The Department of Health has said it will share progress made in the Isle of Wight pilot with Google and Apple – and Prof Crowcroft believes it should go further and publish the findings.

He said: “The Apple-Google combined design for this bluetooth low energy radio is not as sophisticated as the NHS one. It was done to get a general system that works on all phones and hasn’t had any opportunity to be optimised.

“What has happened is that the NHS spent a lot of effort in the Isle of Wight over the last month tuning how the bluetooth proximity technology works, and I know the guy doing it and he’s very, very smart. A lot of work went into that which has not yet gone into the Apple Google API Germany and other countries are starting to use.

“They don’t have that sophistication in there. It can be added, and what I really hope is that if the NHS publish what they have got from the Isle of Wight, how they created the proximity algorithm, then that will be a contribution to the whole world.

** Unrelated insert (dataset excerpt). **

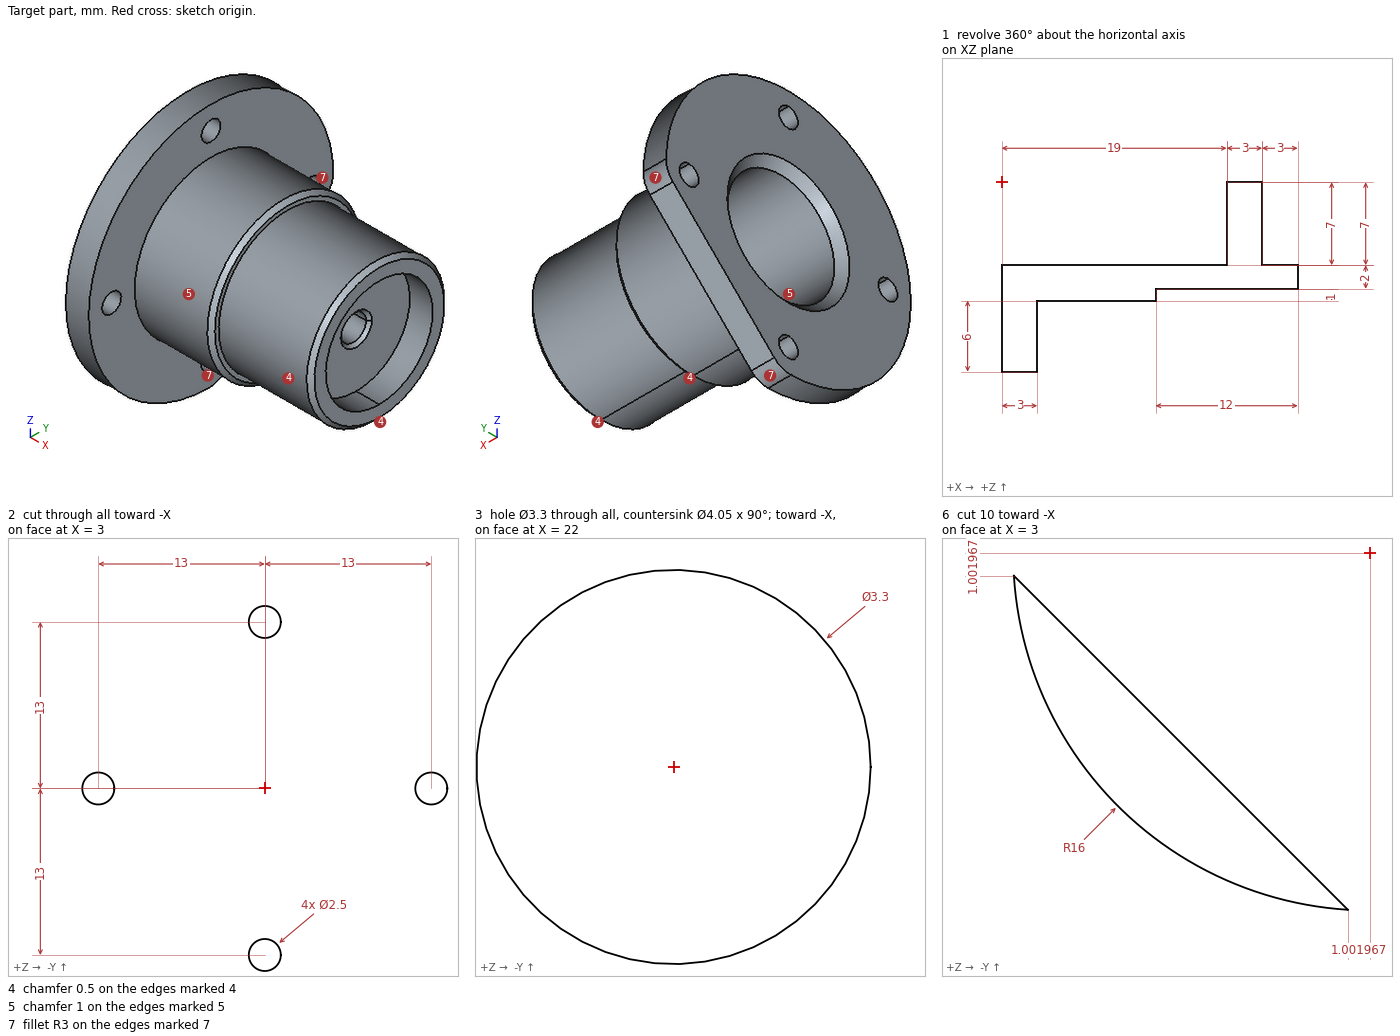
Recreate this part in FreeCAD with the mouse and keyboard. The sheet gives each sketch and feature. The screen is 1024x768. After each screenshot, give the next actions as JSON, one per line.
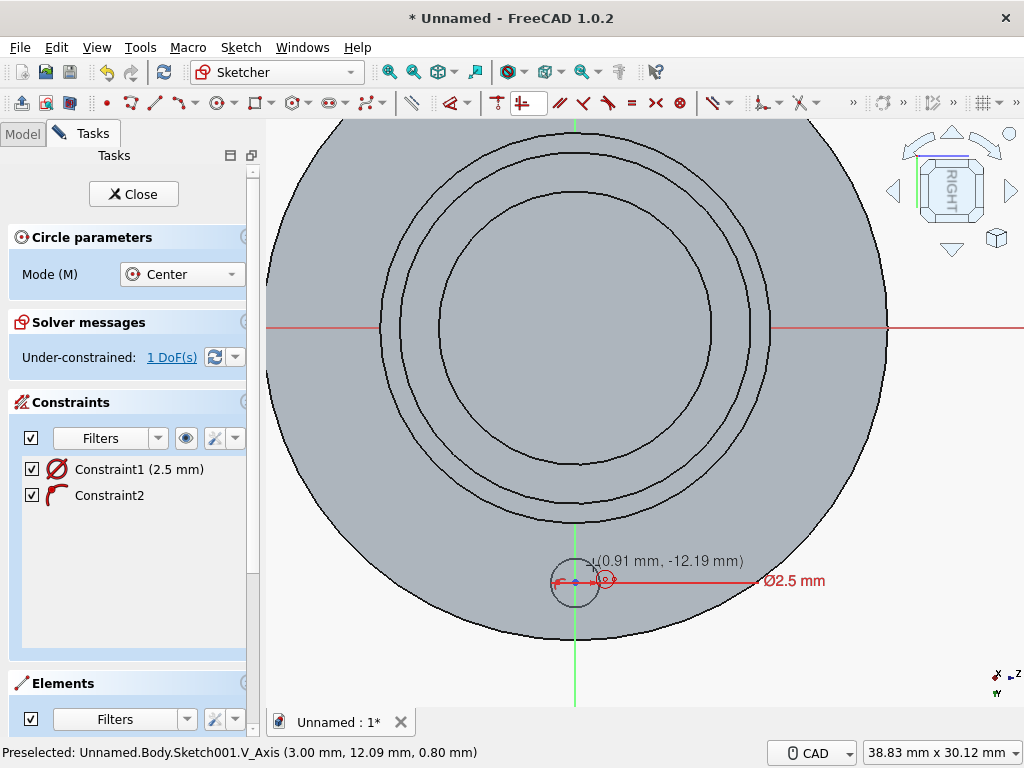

“NHSX will be able to say ‘hey, this wasn’t pointless, it can actually be added in to what Apple and Google provide’, and then all the other apps can benefit in improving accuracy.”

The expert said people in the industry are “positive this can happen”.

In a joint statement last week, Baroness Dido Harding, Executive Chair of NHS Test and Trace and Matthew Gould, CEO, NHSX, said: “Our response to this virus has and will continue to be as part of an international effort. That is why as part of a collaborative approach we have agreed to share our own innovative work on estimating distance between app users with Google and Apple, work that we hope will benefit others, while using their solution to address some of the specific technical challenges identified through our rigorous testing.

“We will also draw on the invaluable insight from all of those who trialled the app on the Isle of Wight – and the brilliant teams who have worked on it to date – to build an app that can form part of the end-to-end NHS Test and Trace service, and this insight will be integral to the next phase of development.”

Health and Social Care Secretary Matt Hancock, who has not confirmed the exact date an app will be released in the UK, said last week: “Countries across the globe have faced challenges in developing an app which gets all of these elements right, but through ongoing international collaboration we hope to learn, improve and find a solution which will strengthen our global response to this virus.”